> _ABOUT THIS TASK_: A line containing "- sneaker [158, 5, 255, 73]" appears in the material below. Return exactly every line from the first through that one, and only those.

[[ THE INPUT open ]]

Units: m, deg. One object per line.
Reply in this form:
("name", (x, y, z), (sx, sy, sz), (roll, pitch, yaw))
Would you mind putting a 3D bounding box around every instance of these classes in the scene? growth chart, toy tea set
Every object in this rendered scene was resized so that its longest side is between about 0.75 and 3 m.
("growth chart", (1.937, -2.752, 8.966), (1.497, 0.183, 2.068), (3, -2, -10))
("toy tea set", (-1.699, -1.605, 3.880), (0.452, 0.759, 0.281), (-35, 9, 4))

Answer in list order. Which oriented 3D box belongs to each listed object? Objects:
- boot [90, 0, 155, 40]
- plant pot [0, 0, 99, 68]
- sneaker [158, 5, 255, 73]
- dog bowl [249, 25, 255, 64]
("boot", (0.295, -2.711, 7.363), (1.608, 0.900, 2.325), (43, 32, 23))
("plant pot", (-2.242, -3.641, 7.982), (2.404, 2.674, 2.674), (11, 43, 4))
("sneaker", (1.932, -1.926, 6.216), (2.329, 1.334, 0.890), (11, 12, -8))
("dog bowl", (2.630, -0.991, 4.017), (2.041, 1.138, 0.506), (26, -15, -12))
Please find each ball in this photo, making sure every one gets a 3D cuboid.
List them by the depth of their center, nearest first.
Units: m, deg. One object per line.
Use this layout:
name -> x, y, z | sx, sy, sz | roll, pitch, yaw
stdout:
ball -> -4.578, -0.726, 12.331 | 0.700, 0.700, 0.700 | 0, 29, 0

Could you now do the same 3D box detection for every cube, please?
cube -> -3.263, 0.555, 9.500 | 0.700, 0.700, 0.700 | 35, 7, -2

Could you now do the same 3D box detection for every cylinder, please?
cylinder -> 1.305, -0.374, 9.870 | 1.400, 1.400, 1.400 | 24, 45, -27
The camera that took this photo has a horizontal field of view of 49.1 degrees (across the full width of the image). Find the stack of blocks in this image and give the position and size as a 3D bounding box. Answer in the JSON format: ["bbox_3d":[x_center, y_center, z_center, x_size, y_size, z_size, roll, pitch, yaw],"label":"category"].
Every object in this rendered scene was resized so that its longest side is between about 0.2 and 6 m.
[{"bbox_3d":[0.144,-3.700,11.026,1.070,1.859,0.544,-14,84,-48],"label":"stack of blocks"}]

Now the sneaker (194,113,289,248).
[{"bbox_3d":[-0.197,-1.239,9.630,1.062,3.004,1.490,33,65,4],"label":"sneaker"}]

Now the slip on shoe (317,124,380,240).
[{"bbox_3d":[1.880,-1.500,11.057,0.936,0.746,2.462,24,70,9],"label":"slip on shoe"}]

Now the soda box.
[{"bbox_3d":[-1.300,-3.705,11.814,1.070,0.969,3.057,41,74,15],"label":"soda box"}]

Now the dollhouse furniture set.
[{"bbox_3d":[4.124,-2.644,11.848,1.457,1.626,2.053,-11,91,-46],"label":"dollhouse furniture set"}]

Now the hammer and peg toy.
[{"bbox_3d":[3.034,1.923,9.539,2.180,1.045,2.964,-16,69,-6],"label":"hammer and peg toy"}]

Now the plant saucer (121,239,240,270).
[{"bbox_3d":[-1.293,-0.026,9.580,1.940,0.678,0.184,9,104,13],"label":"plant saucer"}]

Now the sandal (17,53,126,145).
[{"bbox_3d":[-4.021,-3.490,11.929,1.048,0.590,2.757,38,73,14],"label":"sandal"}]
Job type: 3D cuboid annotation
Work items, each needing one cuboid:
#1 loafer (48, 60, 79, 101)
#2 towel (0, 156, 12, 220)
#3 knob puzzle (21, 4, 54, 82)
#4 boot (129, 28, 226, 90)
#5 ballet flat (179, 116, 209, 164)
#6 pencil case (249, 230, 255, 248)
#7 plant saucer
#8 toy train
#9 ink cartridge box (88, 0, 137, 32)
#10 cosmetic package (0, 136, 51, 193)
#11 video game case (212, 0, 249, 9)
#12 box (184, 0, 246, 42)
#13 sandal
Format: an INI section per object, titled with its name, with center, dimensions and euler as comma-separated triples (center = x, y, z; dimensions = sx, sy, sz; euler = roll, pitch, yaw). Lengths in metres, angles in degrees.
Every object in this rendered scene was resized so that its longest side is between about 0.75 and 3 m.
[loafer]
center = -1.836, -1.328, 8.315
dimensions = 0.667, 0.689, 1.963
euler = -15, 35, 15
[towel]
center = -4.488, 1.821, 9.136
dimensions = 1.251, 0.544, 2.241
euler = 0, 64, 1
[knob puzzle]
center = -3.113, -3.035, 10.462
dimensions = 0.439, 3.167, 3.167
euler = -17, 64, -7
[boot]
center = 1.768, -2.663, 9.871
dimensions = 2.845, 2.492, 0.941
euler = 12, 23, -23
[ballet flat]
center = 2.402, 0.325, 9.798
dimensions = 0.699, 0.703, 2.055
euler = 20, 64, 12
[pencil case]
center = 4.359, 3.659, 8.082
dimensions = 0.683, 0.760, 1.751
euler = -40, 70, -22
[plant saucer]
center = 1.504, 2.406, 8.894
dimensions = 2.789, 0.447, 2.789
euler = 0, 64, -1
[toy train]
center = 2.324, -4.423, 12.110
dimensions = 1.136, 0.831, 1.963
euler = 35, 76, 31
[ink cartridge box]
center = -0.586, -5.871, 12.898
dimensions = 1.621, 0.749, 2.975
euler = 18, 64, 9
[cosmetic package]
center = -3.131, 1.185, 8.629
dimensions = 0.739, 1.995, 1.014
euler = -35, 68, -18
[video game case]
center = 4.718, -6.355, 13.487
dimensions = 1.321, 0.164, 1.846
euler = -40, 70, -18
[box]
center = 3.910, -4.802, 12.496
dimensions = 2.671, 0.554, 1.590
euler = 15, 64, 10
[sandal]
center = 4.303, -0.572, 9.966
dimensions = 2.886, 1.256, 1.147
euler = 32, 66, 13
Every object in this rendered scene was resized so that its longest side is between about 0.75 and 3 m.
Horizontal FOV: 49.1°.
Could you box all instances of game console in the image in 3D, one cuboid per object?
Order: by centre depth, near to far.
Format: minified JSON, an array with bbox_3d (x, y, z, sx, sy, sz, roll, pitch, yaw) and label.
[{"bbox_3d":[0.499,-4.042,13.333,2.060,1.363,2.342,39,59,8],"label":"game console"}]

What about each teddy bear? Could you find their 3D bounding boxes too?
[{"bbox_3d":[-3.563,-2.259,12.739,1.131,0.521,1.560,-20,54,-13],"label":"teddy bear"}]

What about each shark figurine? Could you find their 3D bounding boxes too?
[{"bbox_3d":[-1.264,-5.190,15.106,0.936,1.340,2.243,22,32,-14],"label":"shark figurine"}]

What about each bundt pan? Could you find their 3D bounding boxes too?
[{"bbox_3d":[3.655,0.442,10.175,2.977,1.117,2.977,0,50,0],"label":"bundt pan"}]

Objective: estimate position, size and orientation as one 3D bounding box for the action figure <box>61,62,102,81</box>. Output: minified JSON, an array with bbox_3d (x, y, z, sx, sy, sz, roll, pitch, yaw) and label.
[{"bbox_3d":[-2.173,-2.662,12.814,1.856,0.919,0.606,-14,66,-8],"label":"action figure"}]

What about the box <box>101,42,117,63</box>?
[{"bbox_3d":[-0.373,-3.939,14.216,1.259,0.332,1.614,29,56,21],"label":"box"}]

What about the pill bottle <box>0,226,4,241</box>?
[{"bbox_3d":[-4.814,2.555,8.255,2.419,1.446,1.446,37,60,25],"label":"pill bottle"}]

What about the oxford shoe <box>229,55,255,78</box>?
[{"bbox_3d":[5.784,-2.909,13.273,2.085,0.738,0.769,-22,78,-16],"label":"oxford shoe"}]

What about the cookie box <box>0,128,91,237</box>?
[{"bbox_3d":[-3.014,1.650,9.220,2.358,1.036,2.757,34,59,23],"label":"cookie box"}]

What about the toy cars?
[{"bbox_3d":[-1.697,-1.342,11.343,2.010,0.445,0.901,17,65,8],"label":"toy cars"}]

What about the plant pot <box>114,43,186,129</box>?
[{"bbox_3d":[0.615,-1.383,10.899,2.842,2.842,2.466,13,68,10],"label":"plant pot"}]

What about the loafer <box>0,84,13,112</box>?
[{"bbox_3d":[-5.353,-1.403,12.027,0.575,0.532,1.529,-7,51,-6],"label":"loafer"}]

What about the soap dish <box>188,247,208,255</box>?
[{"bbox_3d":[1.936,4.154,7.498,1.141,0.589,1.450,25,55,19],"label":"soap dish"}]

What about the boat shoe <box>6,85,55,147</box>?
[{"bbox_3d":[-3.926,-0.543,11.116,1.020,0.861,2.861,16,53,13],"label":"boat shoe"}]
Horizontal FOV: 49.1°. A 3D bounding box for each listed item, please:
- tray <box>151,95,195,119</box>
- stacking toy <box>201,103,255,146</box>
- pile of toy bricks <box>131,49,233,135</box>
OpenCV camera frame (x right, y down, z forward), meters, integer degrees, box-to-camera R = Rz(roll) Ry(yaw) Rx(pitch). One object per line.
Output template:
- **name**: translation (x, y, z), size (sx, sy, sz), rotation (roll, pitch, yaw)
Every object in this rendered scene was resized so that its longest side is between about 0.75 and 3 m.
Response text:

[[ THE INPUT closed ]]

> _WRITTEN SOLUTION_:
Units: m, deg. One object per line.
Reply in this form:
("name", (x, y, z), (sx, sy, sz), (roll, pitch, yaw))
Would you mind putting a 3D bounding box around every instance of these classes in the scene? growth chart, toy tea set
Every object in this rendered scene was resized so that its longest side is between about 0.75 and 3 m.
("growth chart", (1.937, -2.752, 8.966), (1.497, 0.183, 2.068), (3, -2, -10))
("toy tea set", (-1.699, -1.605, 3.880), (0.452, 0.759, 0.281), (-35, 9, 4))

Answer in list order. Which oriented 3D box belongs to each listed object? Objects:
- boot [90, 0, 155, 40]
- plant pot [0, 0, 99, 68]
- sneaker [158, 5, 255, 73]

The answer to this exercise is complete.